Japan is planning to send special envoys to 15 countries involved in the designation of the UNESCO World Heritage sites to push for the controversial listing of some of its industrial sites, government sources said Thursday.
Joining moves by South Korea to oppose the envisioned listing, Chinese Foreign Ministry spokeswoman Hua Chunying told a regular press briefing the same day that Beijing is also against the registration of the facilities, which include places where people from China and the Korean Peninsula were forced to provide wartime labor.
“China shares South Korea’s strong concerns over Japan’s application,” she said, becoming the first official to explicitly express China’s opposition.
The issue has drawn controversy after an advisory panel of the United Nations Educational, Scientific and Cultural Organization recommended listing as a World Heritage site 23 facilities in Japan’s eight prefectures that represent the country’s industrialization and modernization in the late 19th to early 20th centuries.
To counter opposition and highlight the significance of the sites, the government plans to send by the end of the month eight special envoys of Prime Minister Shinzo Abe to 15 of the 21 countries that form the committee with the final say on the World Heritage listing, the sources said.
Japan and South Korea are both members of the World Heritage Committee, which will meet in July for the screening of the listing of the “Sites of Japan’s Meiji Industrial Revolution.”
Minoru Kiuchi, Japan’s senior vice foreign minister, is scheduled to travel to Germany, the chair of the committee, and Poland during a trip through Sunday.
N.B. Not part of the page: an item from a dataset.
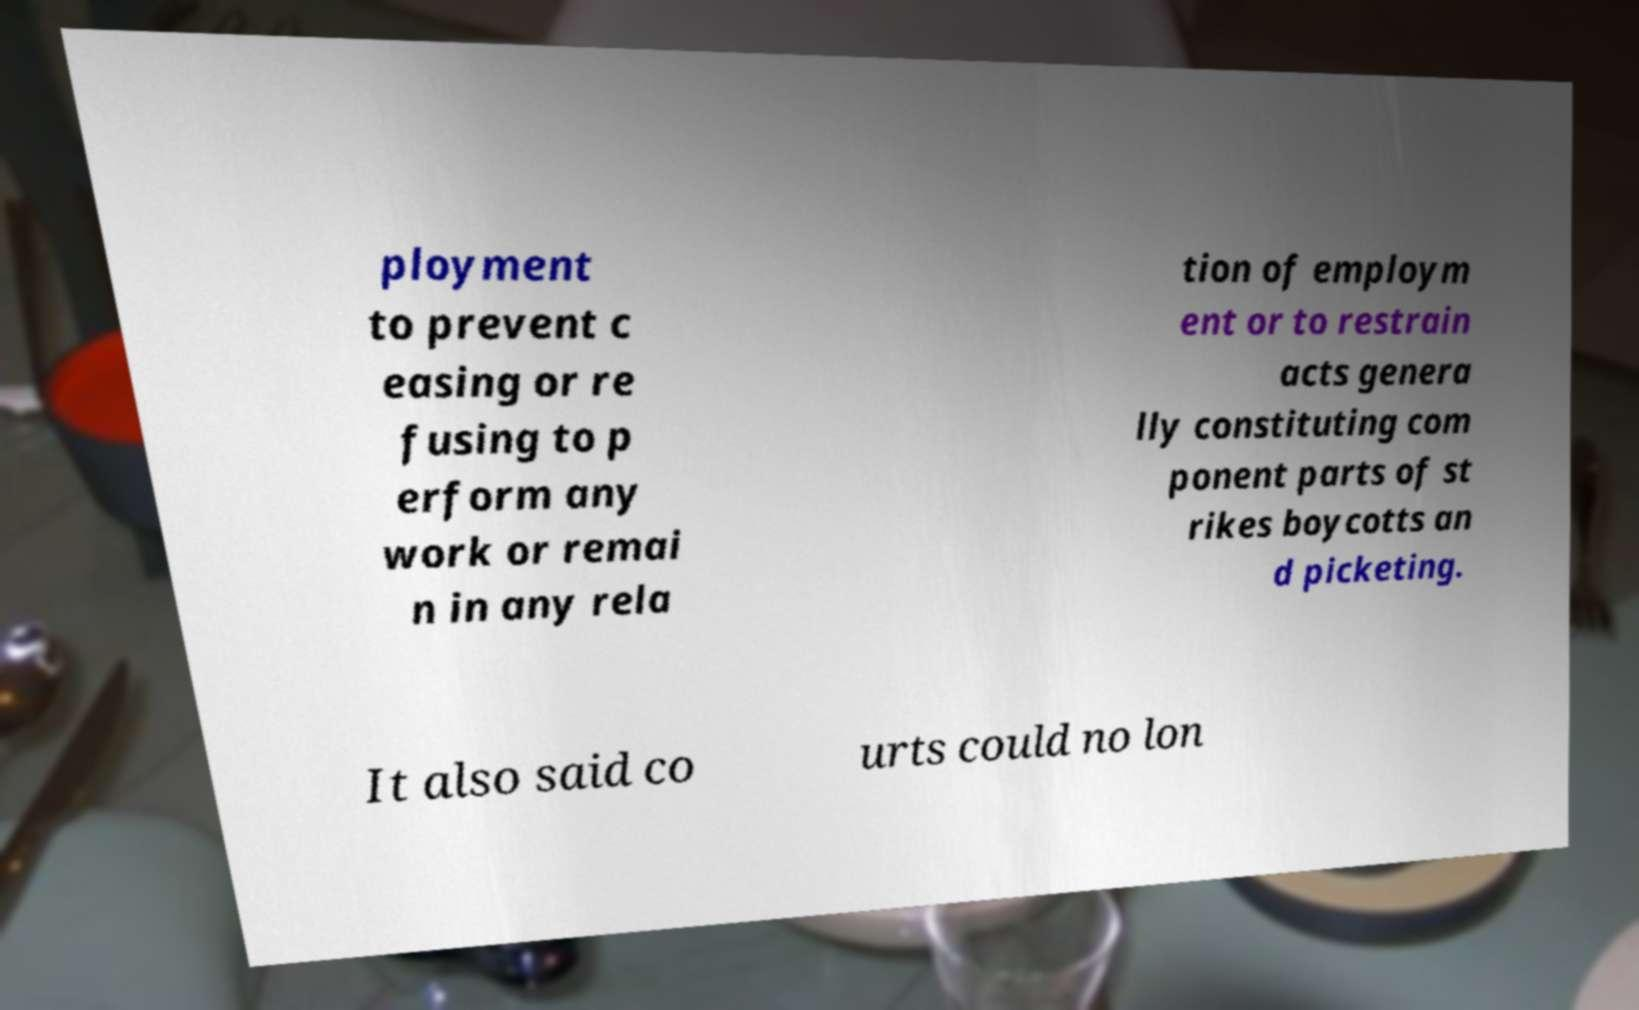Can you read and provide the text displayed in the image?This photo seems to have some interesting text. Can you extract and type it out for me? ployment to prevent c easing or re fusing to p erform any work or remai n in any rela tion of employm ent or to restrain acts genera lly constituting com ponent parts of st rikes boycotts an d picketing. It also said co urts could no lon

Yasuhide Nakayama, another senior vice foreign minister, will head to Jamaica on Sunday.
Turkey, Qatar, Vietnam and two South American countries are also among the destinations, the sources said.
Japan also plans to ask South Korea to respond calmly to the issue during a meeting to discuss the matter on May 22 in Tokyo.
The South Korean government has expressed opposition to the listing, saying seven of the facilities included in Japan’s proposal involved the use of about 60,000 conscripted Korean laborers and led to the death of some 100 of them.
The Japanese government has said forced labor has nothing to do with the value of the sites as the time period for which the sites are proposed to be registered on the World Heritage list is different from the time the laborers were used.
A Chinese group consisting of victims and relatives of deceased forced laborers during the 1937-1945 Sino-Japanese War has also said the Japanese sites include coal mines off the city of Nagasaki where hundreds of Chinese people were forced to work.